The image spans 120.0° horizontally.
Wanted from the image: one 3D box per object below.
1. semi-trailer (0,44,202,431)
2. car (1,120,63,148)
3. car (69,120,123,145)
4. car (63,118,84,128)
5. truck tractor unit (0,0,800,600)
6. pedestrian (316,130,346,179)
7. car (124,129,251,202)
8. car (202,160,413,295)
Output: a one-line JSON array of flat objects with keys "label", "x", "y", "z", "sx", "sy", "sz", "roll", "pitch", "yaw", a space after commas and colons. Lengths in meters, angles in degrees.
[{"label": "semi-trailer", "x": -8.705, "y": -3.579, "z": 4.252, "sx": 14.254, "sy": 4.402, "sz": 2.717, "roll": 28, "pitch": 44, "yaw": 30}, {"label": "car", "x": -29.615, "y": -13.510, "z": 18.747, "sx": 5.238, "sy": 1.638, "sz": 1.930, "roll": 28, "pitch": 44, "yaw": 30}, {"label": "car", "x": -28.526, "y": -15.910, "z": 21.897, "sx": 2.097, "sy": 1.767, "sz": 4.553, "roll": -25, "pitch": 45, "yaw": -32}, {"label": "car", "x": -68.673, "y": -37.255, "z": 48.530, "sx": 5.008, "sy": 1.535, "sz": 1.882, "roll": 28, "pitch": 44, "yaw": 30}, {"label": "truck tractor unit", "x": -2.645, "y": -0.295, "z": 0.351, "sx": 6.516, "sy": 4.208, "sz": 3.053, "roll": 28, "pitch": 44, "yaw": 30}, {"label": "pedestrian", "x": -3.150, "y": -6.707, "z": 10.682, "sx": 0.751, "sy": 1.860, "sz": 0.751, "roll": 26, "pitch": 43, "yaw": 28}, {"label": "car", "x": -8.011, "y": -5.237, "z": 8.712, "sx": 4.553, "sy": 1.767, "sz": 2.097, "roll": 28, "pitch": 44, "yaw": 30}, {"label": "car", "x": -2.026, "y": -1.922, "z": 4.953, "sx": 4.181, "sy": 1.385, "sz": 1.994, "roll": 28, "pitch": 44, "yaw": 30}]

---

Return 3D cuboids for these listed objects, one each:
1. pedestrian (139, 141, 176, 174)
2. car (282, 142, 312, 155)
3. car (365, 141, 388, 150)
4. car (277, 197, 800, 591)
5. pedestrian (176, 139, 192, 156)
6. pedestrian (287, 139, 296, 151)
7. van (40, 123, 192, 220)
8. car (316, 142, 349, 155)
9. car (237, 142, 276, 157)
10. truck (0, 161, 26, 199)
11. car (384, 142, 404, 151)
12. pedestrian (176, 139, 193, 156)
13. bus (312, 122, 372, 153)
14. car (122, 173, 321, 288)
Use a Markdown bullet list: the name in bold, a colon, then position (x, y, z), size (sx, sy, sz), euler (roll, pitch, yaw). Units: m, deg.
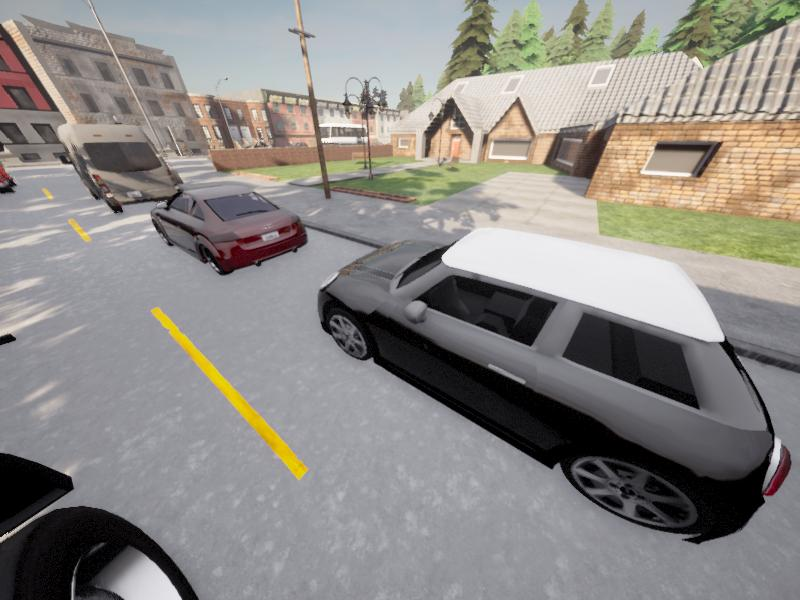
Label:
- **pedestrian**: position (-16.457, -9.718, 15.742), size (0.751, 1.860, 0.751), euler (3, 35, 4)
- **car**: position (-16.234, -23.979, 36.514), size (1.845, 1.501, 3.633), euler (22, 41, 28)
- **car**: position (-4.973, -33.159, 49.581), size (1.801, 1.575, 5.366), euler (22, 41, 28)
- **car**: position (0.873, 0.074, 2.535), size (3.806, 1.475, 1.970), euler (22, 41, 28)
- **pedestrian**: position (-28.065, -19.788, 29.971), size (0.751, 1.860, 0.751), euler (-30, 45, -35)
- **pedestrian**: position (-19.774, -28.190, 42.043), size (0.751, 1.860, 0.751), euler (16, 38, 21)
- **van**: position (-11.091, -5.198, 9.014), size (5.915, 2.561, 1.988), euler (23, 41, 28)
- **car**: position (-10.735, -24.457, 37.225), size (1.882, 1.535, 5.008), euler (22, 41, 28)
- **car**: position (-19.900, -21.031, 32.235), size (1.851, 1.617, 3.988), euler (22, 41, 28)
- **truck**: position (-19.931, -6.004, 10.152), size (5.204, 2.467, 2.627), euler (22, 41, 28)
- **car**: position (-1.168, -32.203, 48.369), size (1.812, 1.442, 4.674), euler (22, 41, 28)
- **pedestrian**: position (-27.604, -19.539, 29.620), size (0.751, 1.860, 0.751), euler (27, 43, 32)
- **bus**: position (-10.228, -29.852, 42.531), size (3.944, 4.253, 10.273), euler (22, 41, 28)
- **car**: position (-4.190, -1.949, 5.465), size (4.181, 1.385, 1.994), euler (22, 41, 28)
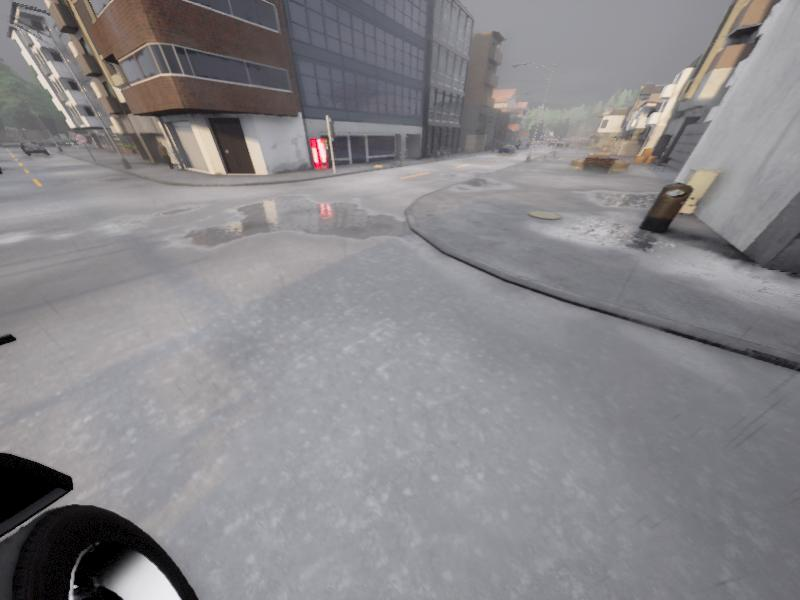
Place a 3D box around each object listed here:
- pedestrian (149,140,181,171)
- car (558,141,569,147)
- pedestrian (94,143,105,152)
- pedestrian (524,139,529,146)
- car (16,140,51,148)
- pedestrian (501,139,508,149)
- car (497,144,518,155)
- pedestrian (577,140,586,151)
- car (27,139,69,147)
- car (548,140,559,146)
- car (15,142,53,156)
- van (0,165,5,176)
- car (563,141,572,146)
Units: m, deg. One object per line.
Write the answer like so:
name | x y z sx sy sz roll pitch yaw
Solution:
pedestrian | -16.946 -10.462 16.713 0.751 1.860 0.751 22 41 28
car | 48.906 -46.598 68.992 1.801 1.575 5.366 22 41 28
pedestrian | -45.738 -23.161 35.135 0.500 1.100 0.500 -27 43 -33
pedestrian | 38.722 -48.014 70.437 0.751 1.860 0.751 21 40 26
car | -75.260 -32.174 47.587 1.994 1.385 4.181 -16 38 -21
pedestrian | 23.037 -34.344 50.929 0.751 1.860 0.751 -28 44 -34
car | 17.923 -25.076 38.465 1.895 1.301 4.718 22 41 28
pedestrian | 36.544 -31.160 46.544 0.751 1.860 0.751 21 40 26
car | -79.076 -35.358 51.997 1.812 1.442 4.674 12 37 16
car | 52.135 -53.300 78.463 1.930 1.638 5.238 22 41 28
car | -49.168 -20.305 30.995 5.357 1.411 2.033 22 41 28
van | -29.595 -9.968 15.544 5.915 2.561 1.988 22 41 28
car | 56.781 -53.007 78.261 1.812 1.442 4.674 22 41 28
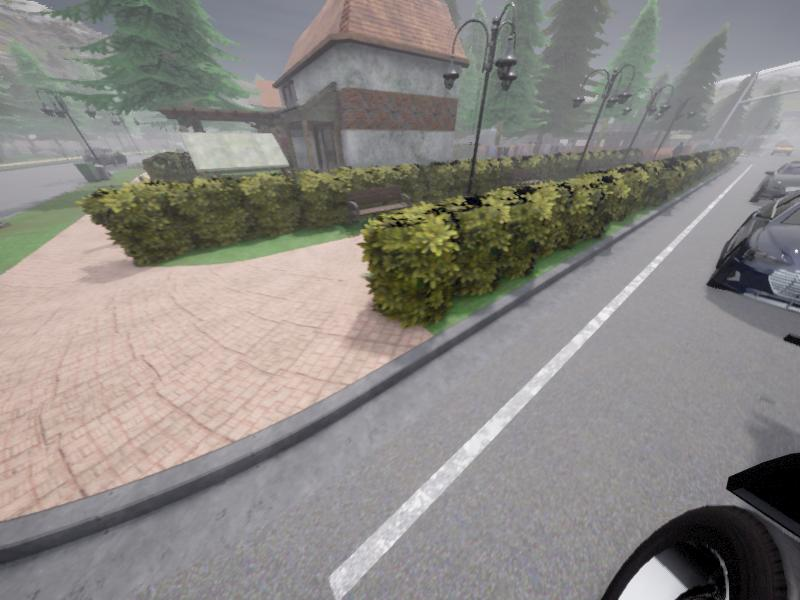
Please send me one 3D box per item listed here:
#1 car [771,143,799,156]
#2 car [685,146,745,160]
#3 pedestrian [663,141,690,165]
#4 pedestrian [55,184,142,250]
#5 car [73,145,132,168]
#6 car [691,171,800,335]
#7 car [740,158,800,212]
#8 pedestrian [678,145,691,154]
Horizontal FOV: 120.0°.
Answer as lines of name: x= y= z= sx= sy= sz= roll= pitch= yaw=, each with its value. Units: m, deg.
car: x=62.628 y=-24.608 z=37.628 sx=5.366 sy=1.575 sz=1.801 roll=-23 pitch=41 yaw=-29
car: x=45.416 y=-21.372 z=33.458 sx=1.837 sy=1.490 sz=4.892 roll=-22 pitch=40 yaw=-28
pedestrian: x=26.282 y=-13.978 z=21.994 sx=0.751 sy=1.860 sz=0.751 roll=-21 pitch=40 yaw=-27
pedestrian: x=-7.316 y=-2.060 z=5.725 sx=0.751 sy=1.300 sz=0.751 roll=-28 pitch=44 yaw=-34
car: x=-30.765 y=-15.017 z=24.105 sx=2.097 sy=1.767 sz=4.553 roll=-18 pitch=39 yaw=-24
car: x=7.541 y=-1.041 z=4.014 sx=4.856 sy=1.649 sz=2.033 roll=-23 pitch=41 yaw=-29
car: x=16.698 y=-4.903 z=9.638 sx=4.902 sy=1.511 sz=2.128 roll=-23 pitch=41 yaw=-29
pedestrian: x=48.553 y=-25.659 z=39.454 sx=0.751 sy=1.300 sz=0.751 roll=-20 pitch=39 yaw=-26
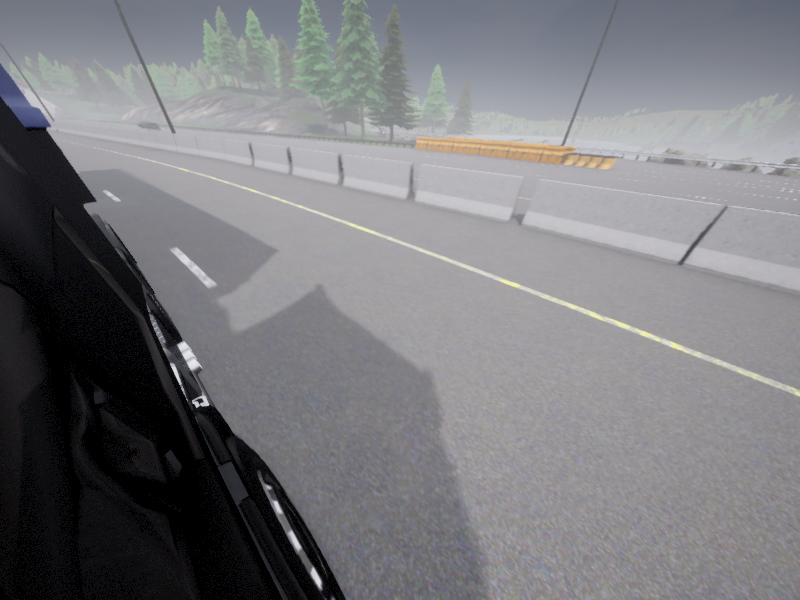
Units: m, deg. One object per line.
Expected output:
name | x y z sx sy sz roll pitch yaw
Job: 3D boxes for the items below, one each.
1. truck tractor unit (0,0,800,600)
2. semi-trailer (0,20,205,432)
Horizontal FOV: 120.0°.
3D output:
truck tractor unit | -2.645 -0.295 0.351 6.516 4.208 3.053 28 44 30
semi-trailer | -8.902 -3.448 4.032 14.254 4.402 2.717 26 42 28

| What you should do |
Reproduce exactly the section above that begins at the line containing "4. car (277, 197, 800, 591)" and ends at the line containing "Use a Markdown", leaving out all other lines.

| Answer to the problem |
4. car (277, 197, 800, 591)
5. pedestrian (176, 139, 192, 156)
6. pedestrian (287, 139, 296, 151)
7. van (40, 123, 192, 220)
8. car (316, 142, 349, 155)
9. car (237, 142, 276, 157)
10. truck (0, 161, 26, 199)
11. car (384, 142, 404, 151)
12. pedestrian (176, 139, 193, 156)
13. bus (312, 122, 372, 153)
14. car (122, 173, 321, 288)
Use a Markdown bullet list: the name in bold, a colon, then position (x, y, z), size (sx, sy, sz), euler (roll, pitch, yaw). Units: m, deg.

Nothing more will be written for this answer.